B is distance 2 from each of the other next-to-corner pieces. This means that if B is in a corner, then none of the other pieces that can fit into a corner are far enough away to fill the other corners.
So it looks like there is no way to fill the corners in a way that satisfies everyone.
What about N=4?
A B C D 2 3 3 2
E F G H 3 4 4 3
I J K L 3 4 4 3
M N O P 2 3 3 2
For A, we have C, H, I, N, and P at distance 2, B, E, L, and O at distance 3, and D and M at distance 5. This suggests that if we put A in a corner, then D or M should be in the opposite corner, and two of B, E, L, and O should be in the two remaining corners. B and E are at distance 2 from each other, as are B and O, so we'll try B and L, like so:
A . . B
. . . .
. . . .
L . . M
Now let's consider the paths between A and B and between A and L:
A->G->I->B, A->J->H->B
A->G->N->L, A->J->C->L
Uh-oh, looks like both G and J are distance 2 from B and L. For any two given corners, here's where distance 2's overlap:
S b . B S a . A
a ab a . . ab b b
. b ab b . ab a a
A . a . . b . B
In both cases, there is only one locations next to the start (S) that is at distance 2 from the two destination corners. This means if A is in a corner, then we can only use one of B, E, L, and O in another corner. However, we can't use both D and M in the other two corners because they aren't far enough away from each other (only distance 2). So using A (and by symmetry D, M, and P) in a corner won't work.
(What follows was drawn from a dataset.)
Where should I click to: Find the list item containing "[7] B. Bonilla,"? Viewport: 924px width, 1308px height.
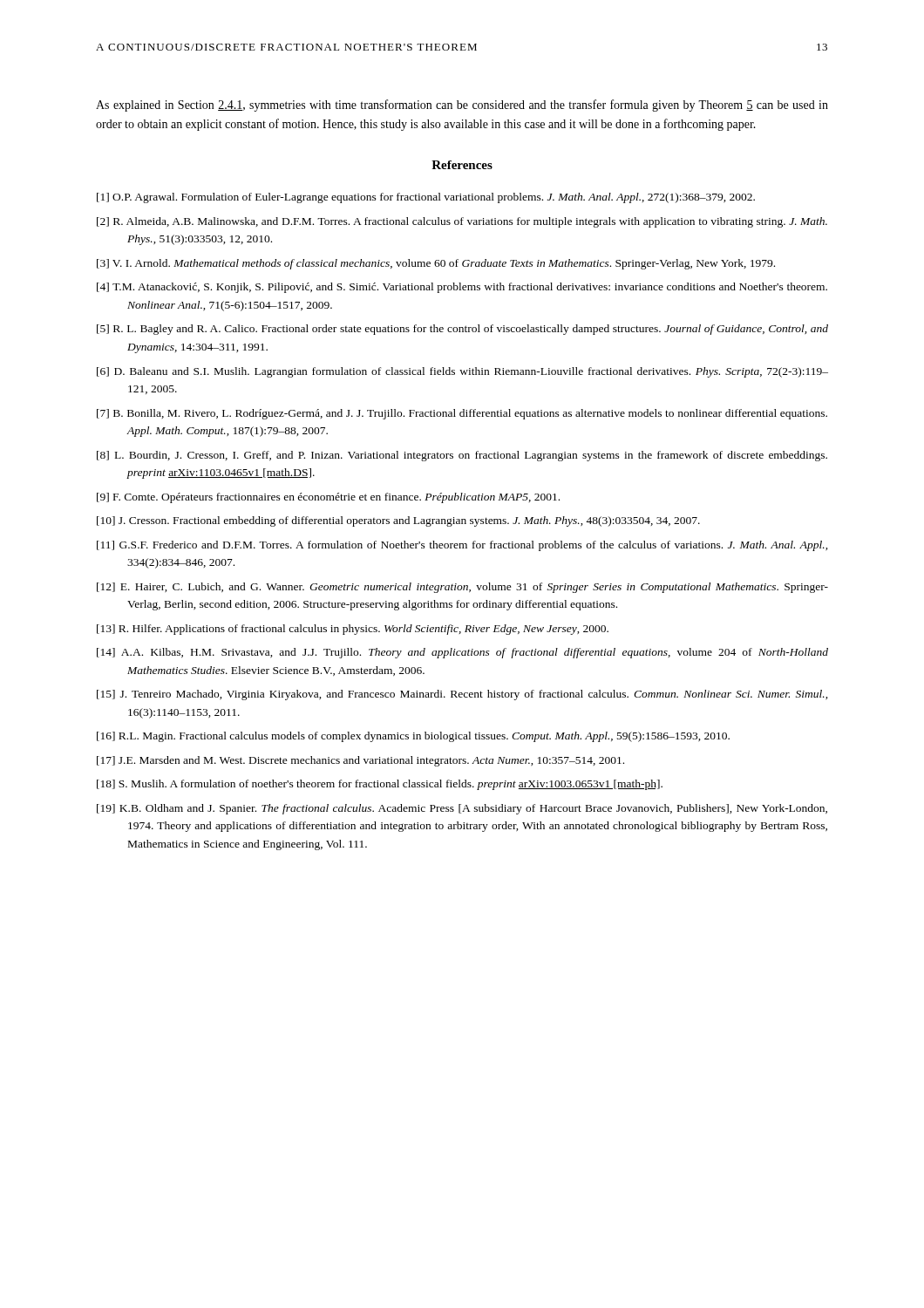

Looks like B is our last chance (bad pun warning - help me, oh B one, you're my only hope). From B, we have distance 1 to H and I, distance 2 to D, E, M, and O, distance 3 to A, C, N, and P, and distance 4 to L. From what we just learned, A and P can't be moved into corners, so the only possibility is to have C, N, and L in the other corners. Unfortunately, this still won't work - C and N are only distance 2 from each other (they are both friends with E), so there's no way both of them can be in a corner.